COLOQUIOS SOBRE LA ARQUITECTURA
Décimo coloquio sobre la arquitectura en el siglo XIX
¿Está acaso el siglo XIX condenado a terminarse sin haber tenido arquitectura propia?
¿Esta época tan fecunda en descubrimientos, que acusa una gran energía vital, no
transmitirá a la posteridad más que pastiches u obras híbridas, sin carácter, imposibles
de clasificar? ¿Es esta esterilidad una de las consecuencias inevitables de nuestro
estado social?
¿Depende acaso de la influencia ejercida en la enseñanza por una camarilla caduca, y
acaso una camarilla, joven o vieja, puede tener tal poder en medio de elementos
vivos? Claro que no. ¿Por qué entonces el siglo XIX no tiene una arquitectura?

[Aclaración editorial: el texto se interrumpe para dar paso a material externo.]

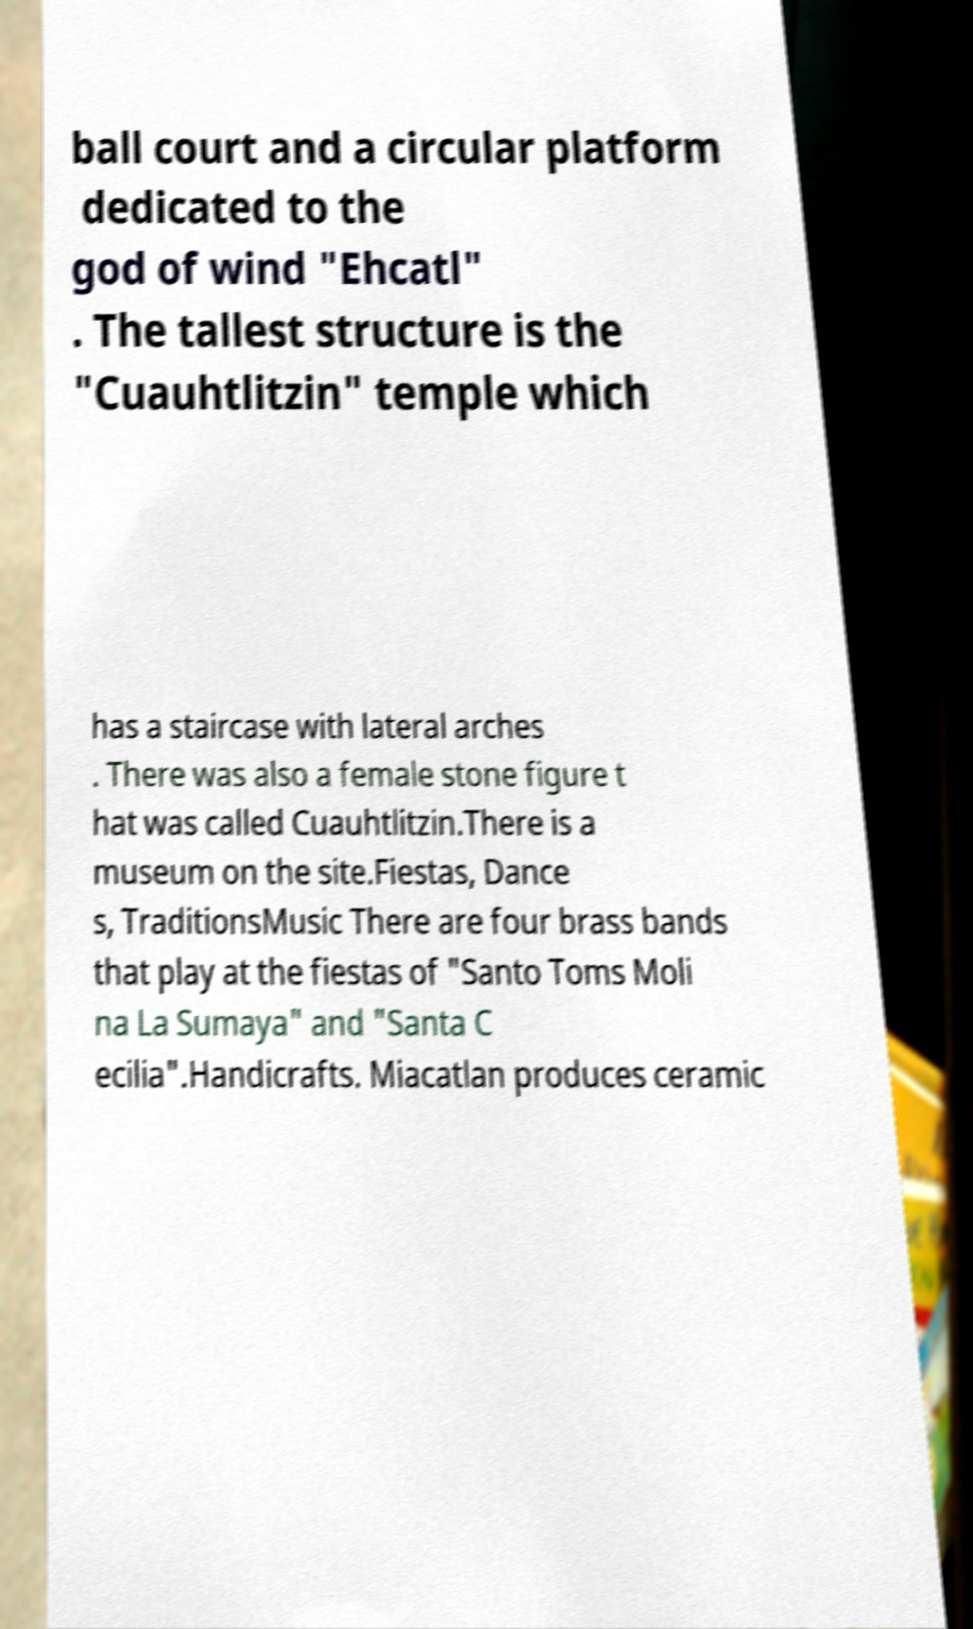What messages or text are displayed in this image? I need them in a readable, typed format. ball court and a circular platform dedicated to the god of wind "Ehcatl" . The tallest structure is the "Cuauhtlitzin" temple which has a staircase with lateral arches . There was also a female stone figure t hat was called Cuauhtlitzin.There is a museum on the site.Fiestas, Dance s, TraditionsMusic There are four brass bands that play at the fiestas of "Santo Toms Moli na La Sumaya" and "Santa C ecilia".Handicrafts. Miacatlan produces ceramic 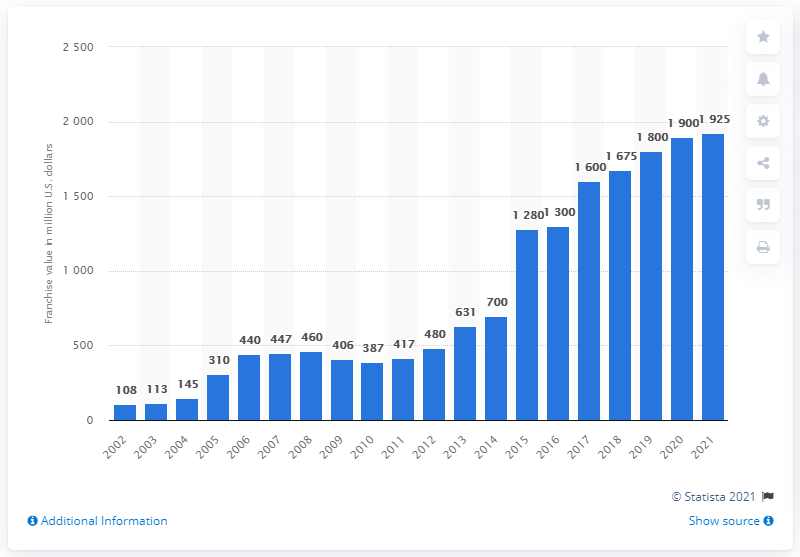List a handful of essential elements in this visual. The estimated value of the Washington Nationals in 2021 was approximately 1925. 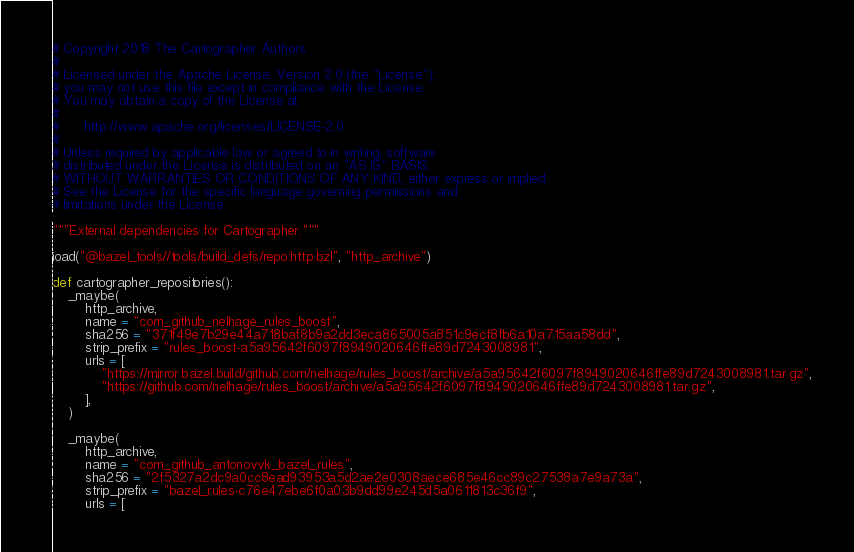<code> <loc_0><loc_0><loc_500><loc_500><_Python_># Copyright 2018 The Cartographer Authors
#
# Licensed under the Apache License, Version 2.0 (the "License");
# you may not use this file except in compliance with the License.
# You may obtain a copy of the License at
#
#      http://www.apache.org/licenses/LICENSE-2.0
#
# Unless required by applicable law or agreed to in writing, software
# distributed under the License is distributed on an "AS IS" BASIS,
# WITHOUT WARRANTIES OR CONDITIONS OF ANY KIND, either express or implied.
# See the License for the specific language governing permissions and
# limitations under the License.

"""External dependencies for Cartographer."""

load("@bazel_tools//tools/build_defs/repo:http.bzl", "http_archive")

def cartographer_repositories():
    _maybe(
        http_archive,
        name = "com_github_nelhage_rules_boost",
        sha256 = "371f49e7b29e44a718baf8b9a2dd3eca865005a851c9ecf8fb6a10a715aa58dd",
        strip_prefix = "rules_boost-a5a95642f6097f8949020646ffe89d7243008981",
        urls = [
            "https://mirror.bazel.build/github.com/nelhage/rules_boost/archive/a5a95642f6097f8949020646ffe89d7243008981.tar.gz",
            "https://github.com/nelhage/rules_boost/archive/a5a95642f6097f8949020646ffe89d7243008981.tar.gz",
        ],
    )

    _maybe(
        http_archive,
        name = "com_github_antonovvk_bazel_rules",
        sha256 = "2f5327a2dc9a0cc8ead93953a5d2ae2e0308aece685e46cc89c27538a7e9a73a",
        strip_prefix = "bazel_rules-c76e47ebe6f0a03b9dd99e245d5a0611813c36f9",
        urls = [</code> 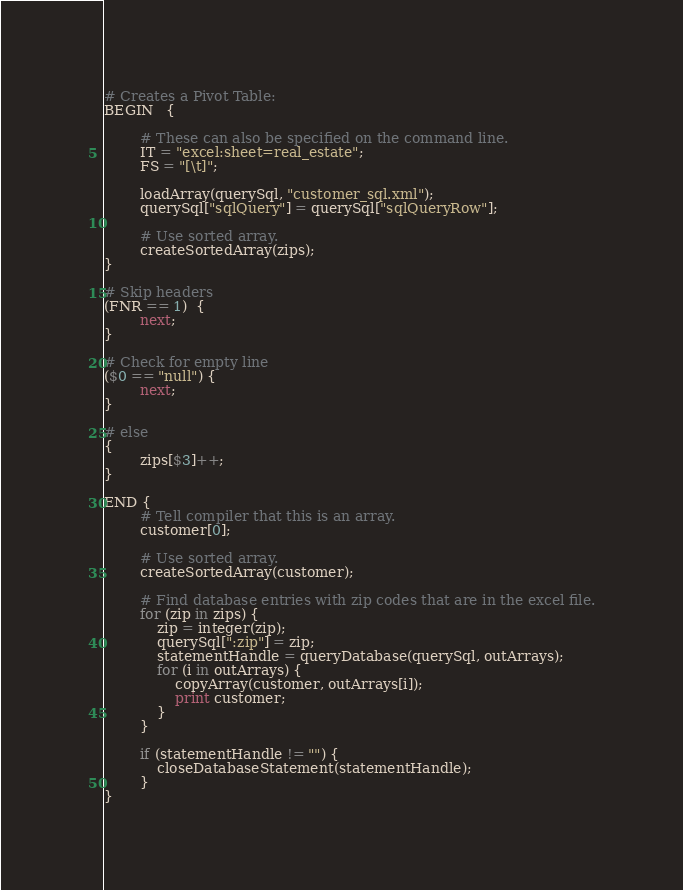Convert code to text. <code><loc_0><loc_0><loc_500><loc_500><_Awk_># Creates a Pivot Table:
BEGIN   {

        # These can also be specified on the command line.
        IT = "excel:sheet=real_estate";
        FS = "[\t]"; 

        loadArray(querySql, "customer_sql.xml");
        querySql["sqlQuery"] = querySql["sqlQueryRow"];
        
        # Use sorted array.
        createSortedArray(zips);
}

# Skip headers
(FNR == 1)  {
        next;
}

# Check for empty line
($0 == "null") {
        next;
}

# else
{
        zips[$3]++;
}

END {
        # Tell compiler that this is an array.
        customer[0];
        
        # Use sorted array.
        createSortedArray(customer);

        # Find database entries with zip codes that are in the excel file.
        for (zip in zips) {
            zip = integer(zip);
            querySql[":zip"] = zip;
            statementHandle = queryDatabase(querySql, outArrays);
            for (i in outArrays) {
                copyArray(customer, outArrays[i]);
                print customer;
            }
        }

        if (statementHandle != "") {
            closeDatabaseStatement(statementHandle);
        }
}
</code>

Se
construye mucho y por todas partes; los millones se reparten a centenares en nuestras
ciudades; sin embargo, apenas es posible constatar algunos intentos de aplicación
real y práctica de los medios considerables de que disponemos.
A partir de la revolución del siglo pasado hemos entrado en la fase de las transiciones,
investigamos, acumulamos cantidad de materiales, rebuscamos en el pasado,
nuestros recursos han aumentado. ¿Qué es lo que nos falta entonces para dar cuerpo,
apariencia original a tantos elementos diversos? ¿No será simplemente un método?
En las ciencias como en las artes, la falta de método, tanto si uno estudia como si
pretende aplicar conocimientos adquiridos, no hace sino aumentar la duda y la
confusión cuando aumentan las riquezas; la abundancia se convierte en un estorbo.
Pero todo estado transitorio debe tener un fin, tender hacia un objetivo que sólo se
entrevé cuando, cansado de buscar en medio de ese desorden, a desarrollarlos y a
aplicarlos con la ayuda de un método seguro.
Esta es la labor que nos corresponde y a la que debemos dedicarnos tenazmente,
combatiendo los elementos deletéreos que se desprenden de cualquier estado
transitorio como se desprenden mismas de las sustancias que fermentan.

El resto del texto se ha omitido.